Let's break down the stack-based algorithm step-by-step:

  1. Initialize an empty stack, stack.
  2. Initialize currentNumber = 0 to accumulate digits for the current number.
  3. Initialize operation = '+' to keep track of the operator just before the currentNumber.
  4. Iterate through the string s from left to right, including an implicit final operator (or by adding a dummy operator to the string end):
    • If the current character char is a digit:
      • Update currentNumber = currentNumber * 10 + parseInt(char).
    • If char is not a digit and not a space, or if it's the last character of the string: (This signifies an operator or end of a number sequence)
      • Based on the operation variable (which stores the operator *before* the currentNumber):
        • If operation == '+': Push currentNumber onto the stack.
        • If operation == '-': Push -currentNumber onto the stack.
        • If operation == '*': Pop the top element from the stack, multiply it by currentNumber, and push the result back onto the stack.
        • If operation == '/': Pop the top element from the stack, divide it by currentNumber (using integer division that truncates towards zero), and push the result back onto the stack.
      • Update operation = char (the current operator becomes the "last operator" for the next number).
      • Reset currentNumber = 0.
  5. After the loop finishes, the stack will contain all intermediate results, with multiplication and division already resolved. Sum all elements in the stack to get the final result.

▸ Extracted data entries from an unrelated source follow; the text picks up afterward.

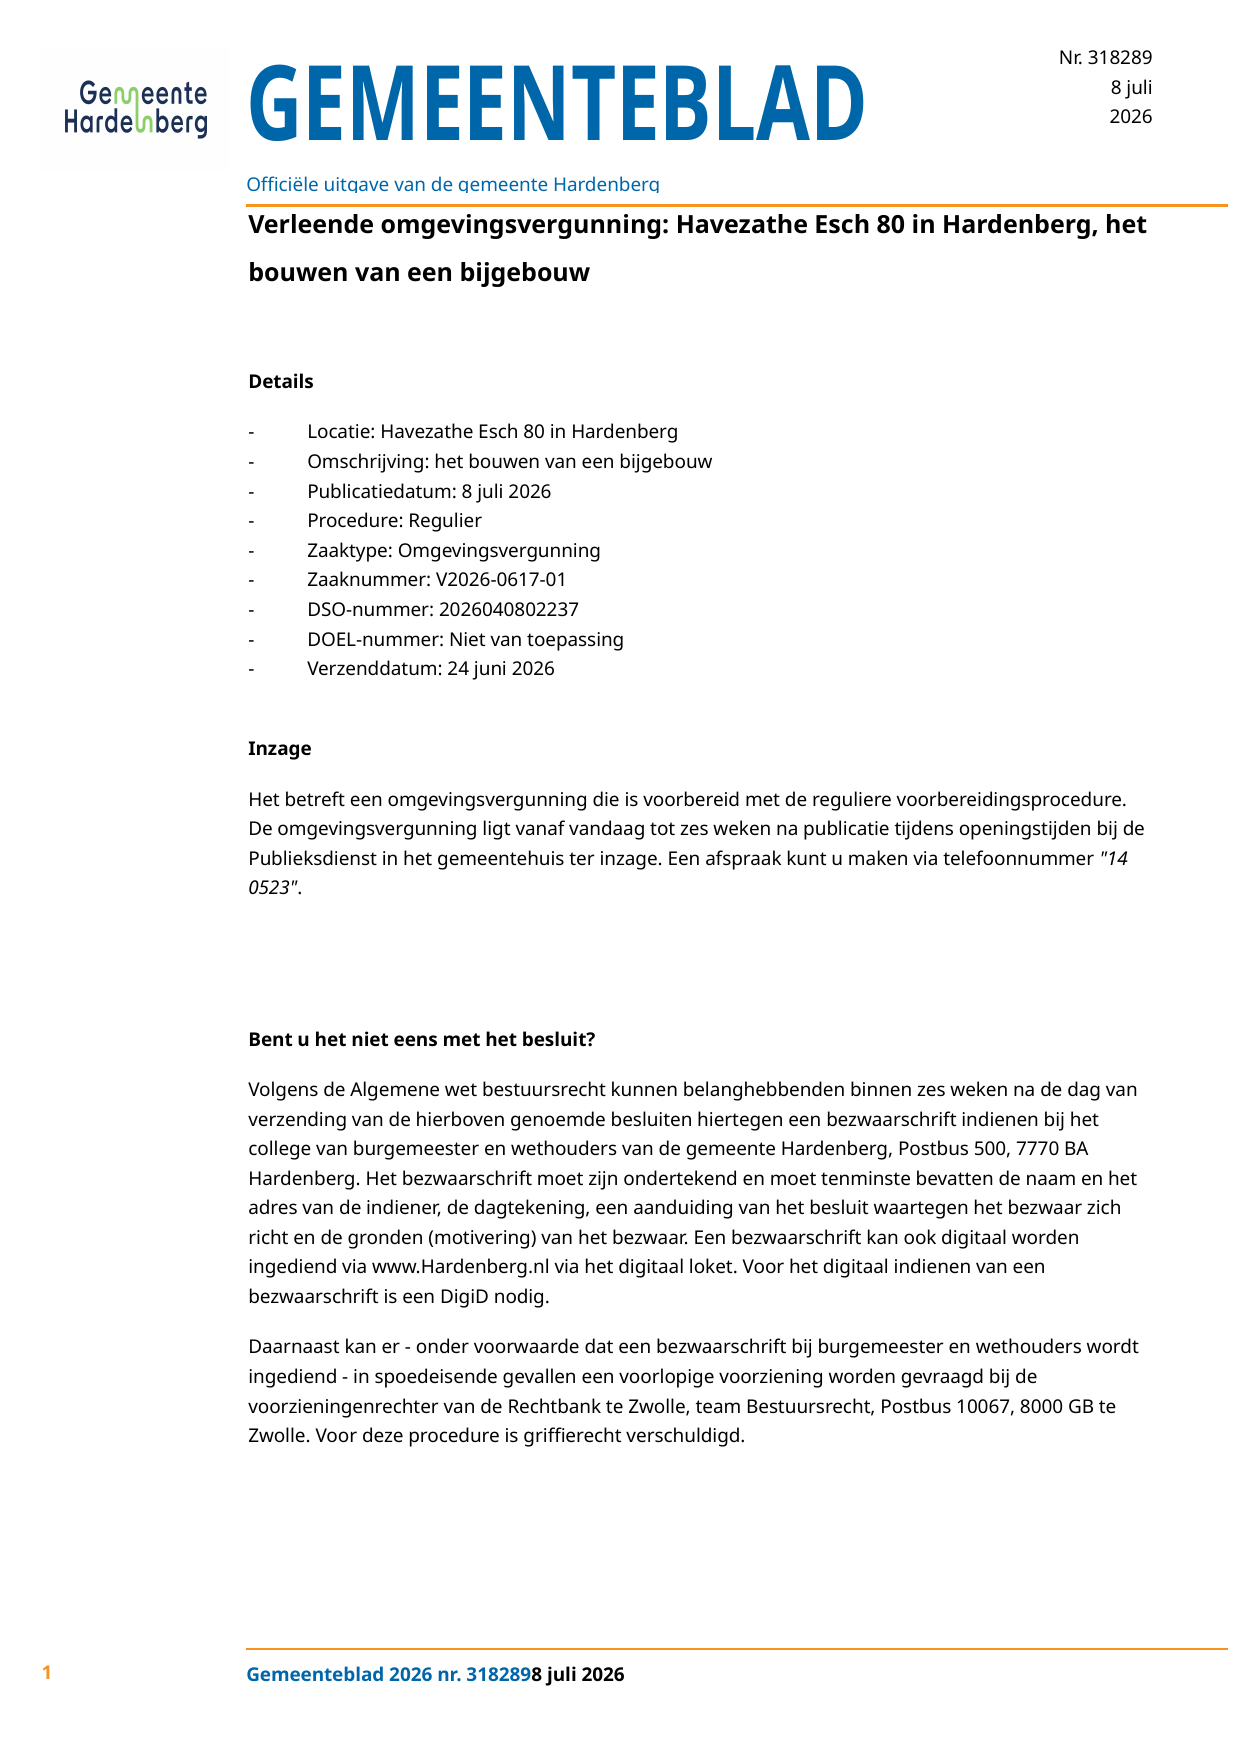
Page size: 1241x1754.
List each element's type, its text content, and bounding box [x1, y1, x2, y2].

list Zaaknummer: V2026-0617-01 [248, 567, 1152, 592]
list DSO-nummer: 2026040802237 [248, 596, 1152, 622]
text Het betreft een omgevingsvergunning die is voorbereid met de reguliere voorbereidingsprocedure. De omgevingsvergunning ligt vanaf vandaag tot zes weken na publicatie tijdens openingstijden bij de Publieksdienst in het gemeentehuis ter inzage. Een afspraak kunt u maken via telefoonnummer "14 0523". [248, 786, 1152, 900]
text Volgens de Algemene wet bestuursrecht kunnen belanghebbenden binnen zes weken na de dag van verzending van de hierboven genoemde besluiten hiertegen een bezwaarschrift indienen bij het college van burgemeester en wethouders van de gemeente Hardenberg, Postbus 500, 7770 BA Hardenberg. Het bezwaarschrift moet zijn ondertekend en moet tenminste bevatten de naam en het adres van de indiener, de dagtekening, een aanduiding van het besluit waartegen het bezwaar zich richt en de gronden (motivering) van het bezwaar. Een bezwaarschrift kan ook digitaal worden ingediend via www.Hardenberg.nl via het digitaal loket. Voor het digitaal indienen van een bezwaarschrift is een DigiD nodig. [248, 1076, 1152, 1309]
list Procedure: Regulier [248, 507, 1152, 533]
list Publicatiedatum: 8 juli 2026 [248, 478, 1152, 504]
picture [41, 47, 231, 172]
list Omschrijving: het bouwen van een bijgebouw [248, 448, 1152, 474]
text Daarnaast kan er - onder voorwaarde dat een bezwaarschrift bij burgemeester en wethouders wordt ingediend - in spoedeisende gevallen een voorlopige voorziening worden gevraagd bij de voorzieningenrechter van de Rechtbank te Zwolle, team Bestuursrecht, Postbus 10067, 8000 GB te Zwolle. Voor deze procedure is griffierecht verschuldigd. [248, 1334, 1152, 1448]
list Verzenddatum: 24 juni 2026 [248, 655, 1152, 681]
text Verleende omgevingsvergunning: Havezathe Esch 80 in Hardenberg, het bouwen van een bijgebouw [248, 207, 1152, 288]
list DOEL-nummer: Niet van toepassing [248, 626, 1152, 652]
text Inzage [248, 735, 1152, 761]
list Locatie: Havezathe Esch 80 in Hardenberg [248, 419, 1152, 444]
text Details [248, 368, 1152, 394]
list Zaaktype: Omgevingsvergunning [248, 537, 1152, 563]
text Bent u het niet eens met het besluit? [248, 1026, 1152, 1052]

Example Walkthrough: "3 + 2 * 2"

Let's trace the algorithm with the expression "3 + 2 * 2":

Input: s = "3 + 2 * 2"
stack = []
currentNumber = 0
operation = '+'

1. char = '3': currentNumber = 3
2. char = ' ': Skip
3. char = '+': (Operator encountered)
   - operation was '+': stack.push(3)  => stack: [3]
   - operation = '+'
   - currentNumber = 0
4. char = ' ': Skip
5. char = '2': currentNumber = 2
6. char = ' ': Skip
7. char = '*': (Operator encountered)
   - operation was '+': stack.push(2)  => stack: [3, 2]
   - operation = '*'
   - currentNumber = 0
8. char = ' ': Skip
9. char = '2': currentNumber = 2
10. End of string (i === s.length - 1): (Implicit operator)
    - operation was '*':
      - val = stack.pop()  => val = 2, stack: [3]
      - stack.push(val * currentNumber) => stack.push(2 * 2) => stack.push(4) => stack: [3, 4]
    - operation = '?' (not relevant after last char)
    - currentNumber = 0

Loop ends.
Sum stack elements: 3 + 4 = 7.
Final Result: 7

Implementation Notes

  • Handling spaces: Simply skip them during iteration.
  • Integer division: Be mindful of how your chosen language handles integer division, especially with negative numbers. JavaScript's Math.trunc() is suitable here as it truncates towards zero.
  • Edge cases: The problem statement usually guarantees valid input, simplifying error handling. Empty strings or malformed expressions are typically not tested.

Conclusion

The "Basic Calculator II" problem is an excellent exercise in understanding parsing logic and applying data structures like stacks to manage operator precedence. By systematically processing the input string and using a stack to prioritize multiplication and division, you can efficiently arrive at the correct result, demonstrating a fundamental skill in algorithm design.